A group of Italian resistance fighters had blown up a German army lorry the night before, killing 33 soldiers. Adhering to Hitler's ruling on reprisals, Lieutenant-Colonel Herbert Kappler and Captain Priebke, his aide, rounded up 10 Italian men or boys for every German soldier killed. By the time they reached 330, they were not sure of their count. So they added five more to be on the safe side.
In interviews since, and in a book, Priebke admitted killing at least one of the victims himself as an incentive to his men. Kneeling in the damp caves, with their hands bound behind their backs, each was killed with a single shot to the neck.
"We wanted to oppose it but we had to obey or we would join the list of those who were shot," Priebke said during his house arrest. "It was horrendous. We couldn't understand how a German could do something like that, but Kappler was inflexible.''
Kappler was convicted after the war and spent more than 30 years in Italian prisons until he escaped from a military hospital in 1977, fled to Austria and died there.
The Priebke case had shone an unwelcome spotlight on Argentina as something of a retirement home for former Nazis, initially aided by the then dictator Juan Peron, in a lucrative trade in false visas and identity documents, and later protected by Argentine military officers. The infamous "Angel of Death", Joseph Mengele, lived for more than a decade in Argentina. So did Adolf Eichmann, architect of the "Final Solution", until Israeli commandos kidnapped him in 1960 and smuggled him to Israel, where he was tried, convicted and hanged.

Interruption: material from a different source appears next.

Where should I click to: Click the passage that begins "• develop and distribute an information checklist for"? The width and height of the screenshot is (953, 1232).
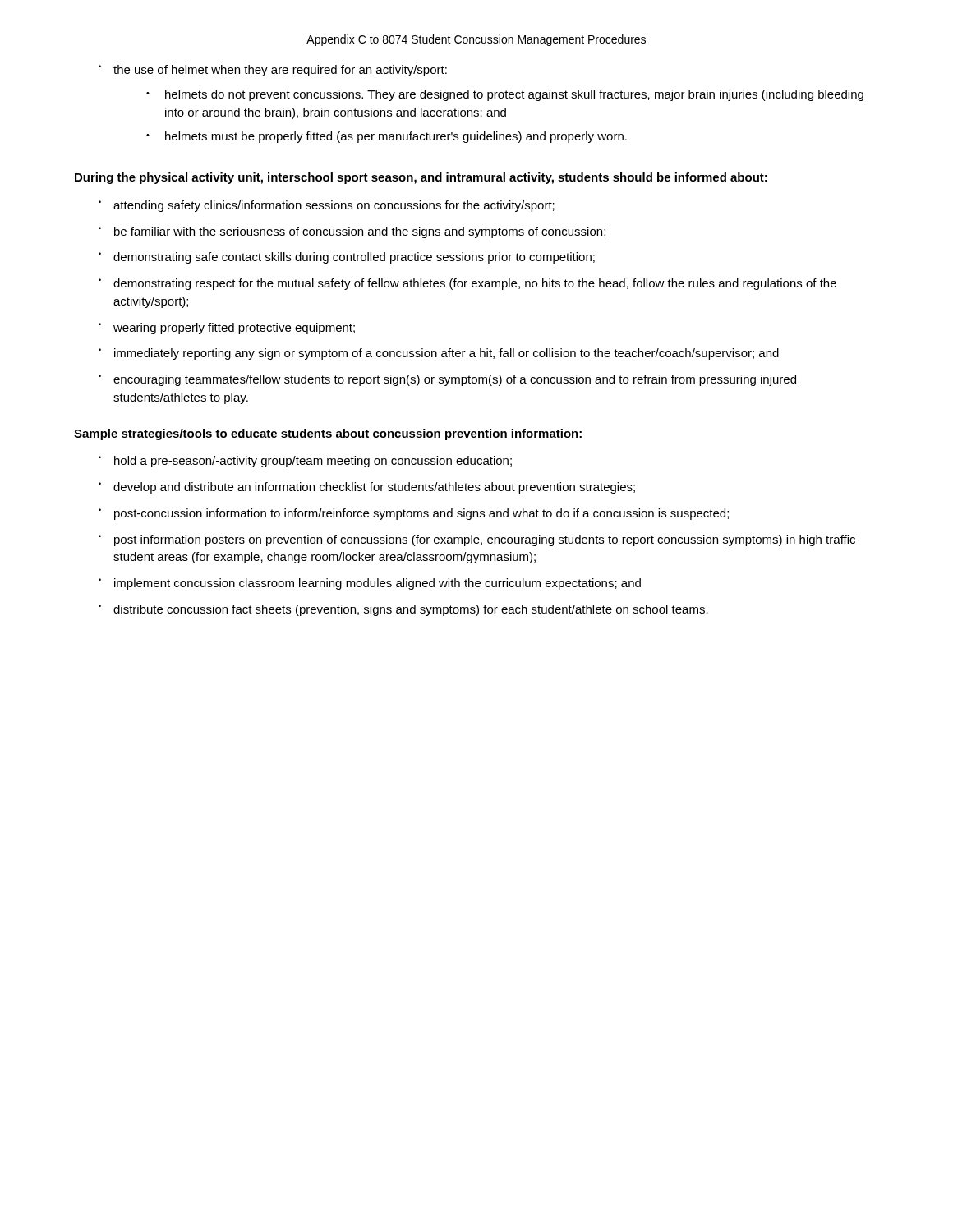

Priebke himself confirmed what many historians had written: that the Vatican and the International Red Cross were key links in a chain that helped ex-Nazis flee and settle in South America. After he escaped from a British prison camp at Rimini in 1946 and lived in a German-speaking area of northern Italy until 1948, the Red Cross had provided him, his wife and two children with passports, he said.
Priebke is expected to be sent to Italy within a few weeks.